Scipio Sighele (* 24. Juni 1868 in Brescia; † 21. Oktober 1913 in Florenz) war ein italienischer Kriminologe, Anthropologe und Pionier der Massenpsychologie. Er lehrte an den Universitäten von Brüssel, Rom und Pisa.
Leben
Scipio Sighele wurde in Brescia in eine Familie italienischer Juristen geboren. Sein Vater, ein Beamter, wurde in den Jahren nach der Einigung Italiens zum Königlichen Bevollmächtigten (procureur du roi) in Palermo.
Nach seiner Schulzeit studierte er zusammen mit Guglielmo Ferrero und Adolfo Zerboglio, beide später Anhänger von Cesare Lombroso, bei dem Kriminalisten Enrico Ferri Rechtswissenschaft. Seine Tesi di laurea widmete er dem Phänomen der Mitschuld.
Im Jahr 1891 veröffentlichte er in der Lombroso-Zeitschrift Archivio di Psichiatria zwei Artikel über die kriminelle Masse. Diese Artikel bildeten den Kern seines wenig später veröffentlichten Hauptwerkes La Folla delinquente, das internationale Verbreitung fand. Es wurde unter dem Titel La Foule criminelle ins Französische übersetzt. Die deutsche Übersetzung Psychologie des Auflaufs und der Massenverbrechen wurde 1897 von Hans Kurella besorgt. Das Werk beschreibt Phänomene der Massenbildung, der Ansteckung, und es analysiert die Mechanismen, die in der Masse wirken.
Sighele beschrieb die kriminelle Neigung kollektiver Verbindungen. Gustave Le Bon wurde in seinen eigenen Arbeiten von diesen Ideen stark beeinflusst. Der nunmehr berühmte Sighele weitete seine Forschungen auf das Gebiet der Kollektivpsychologie aus. In Frankreich verwendeten Émile Zola, Émile Durkheim und Max Nordau seine Entdeckungen in den Gebieten der Literatur, Soziologie und Politik. Sighele veröffentlichte in Frankreich La Psychologie des Sectes (1895) und neue Ausgaben seines Opus major La Foule Criminelle.
An der Wende vom 19. zum 20. Jahrhundert wurde er aktiver Kämpfer im Trentino, der Heimatregion seiner Eltern, die damals unter österreichischer Herrschaft stand. Sighele reduzierte seine soziologischen Arbeiten, um sich dem Journalismus und politischen Studien zu widmen. Seine letzten Arbeiten erstrecken sich auf die nationale Frage und den Irredentismus, dessen Theoretiker er war. Von den Österreichern 1912 wegen seiner Aktivitäten aus dem Trentino ausgewiesen, er besaß eine Villa in Nago am Gardasee, starb er 1913 in Florenz.
Gedenktafel
Die Gedenktafel für Scipio Sighele in der Via Poggi 9 in Florenz hat die folgende Aufschrift (mit deutscher Übersetzung):
SCIPIO SIGHELE |
Scipio Sighele |
Zitate
"Et il n'y a pas d'ironie dans ce que j'écris; je pense que lorsqu'on adopte nos idées sans nous citer, c'est le genre d'éloge le moins suspect qui puisse nous être adressé." (Sighele über Le Bon, im Vorwort zu La foule criminelle, 1901)
"Ich glaube sagen zu dürfen, dass der wesentliche Inhalt der breiter angelegten Untersuchungen von Le Bon schon bei Sighele zu finden ist." (Hans Kurella im Vorwort zu seiner deutschen Übersetzung.)
Schriften
- La folla delinquente: studio di psicologia collettiva. Torino etc.: Bocca 1891 (Biblioteca antropologico-giuridica. Ser. 2; Vol. 15)

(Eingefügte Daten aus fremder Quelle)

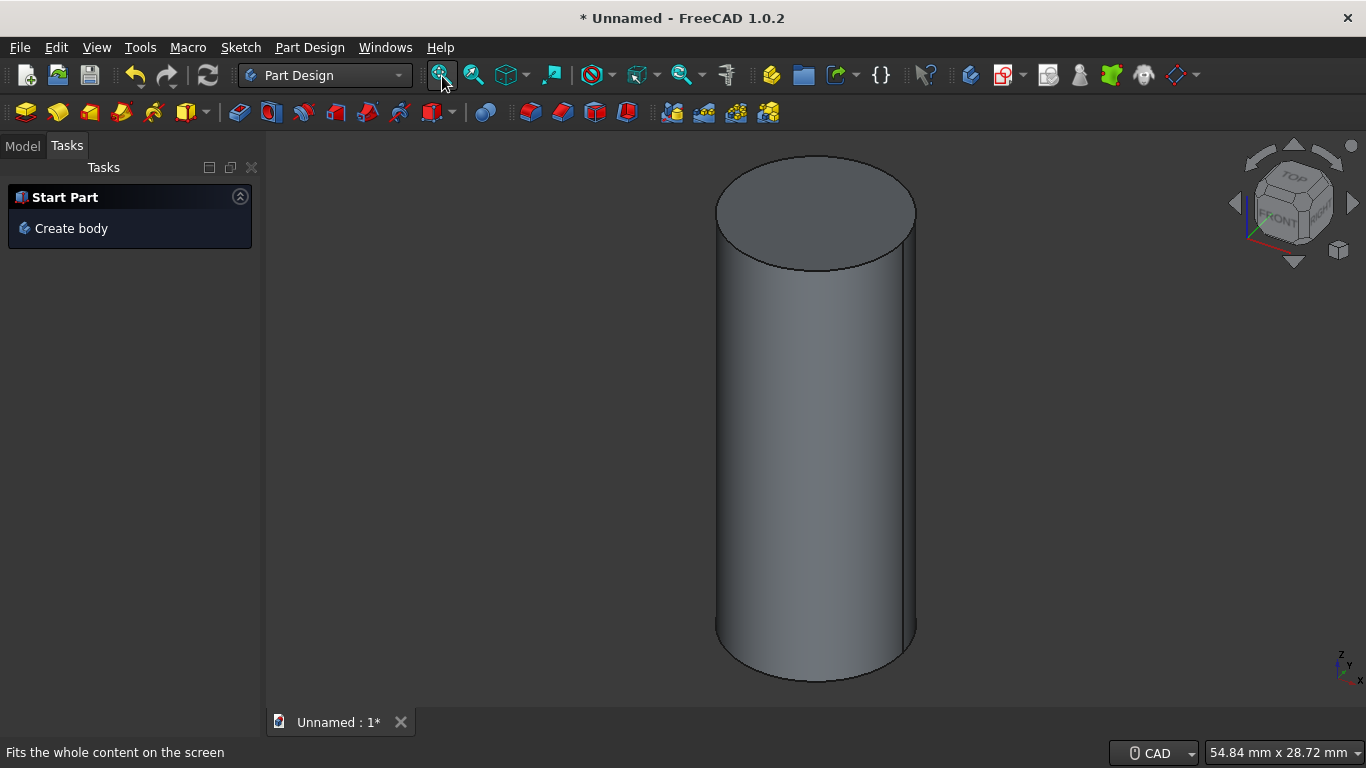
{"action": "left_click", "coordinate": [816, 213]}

- La Foule Criminelle. Paris 1892 (die 2. Aufl. aus dem Jahr 1901 wurde vollständig umgearbeitet) (Digitalisat; PDF-Datei; 2,5 MB)
- Le Crime à deux. Paris und Lyon: Storck et Masson 1893 (Bibliothèque de criminologie)
- Psychologie des Sectes, 1898 (auch Paris 1908) Digitalisat (1908), Bibliothèque Sociologique Internationale XIII
- Un pays de criminels-nés. Paris und Lyon: Storck et Masson 1896 (Bibliothèque de criminologie)
- La Delinquenza settaria. Mailand: Treves 1897
- Psychologie des Auflaufs und der Massenverbrechen. Autorisierte deutsche Übersetzung von Dr. Hans Kurella. Dresden und Leipzig: Verlag von Carl Reissner 1897 Digitalisat (Die deutsche Übersetzung beruht auf der 1. Auflage, die durch die vom Autor überarbeitete Pariser Ausgabe von 1901 als überholt gilt.)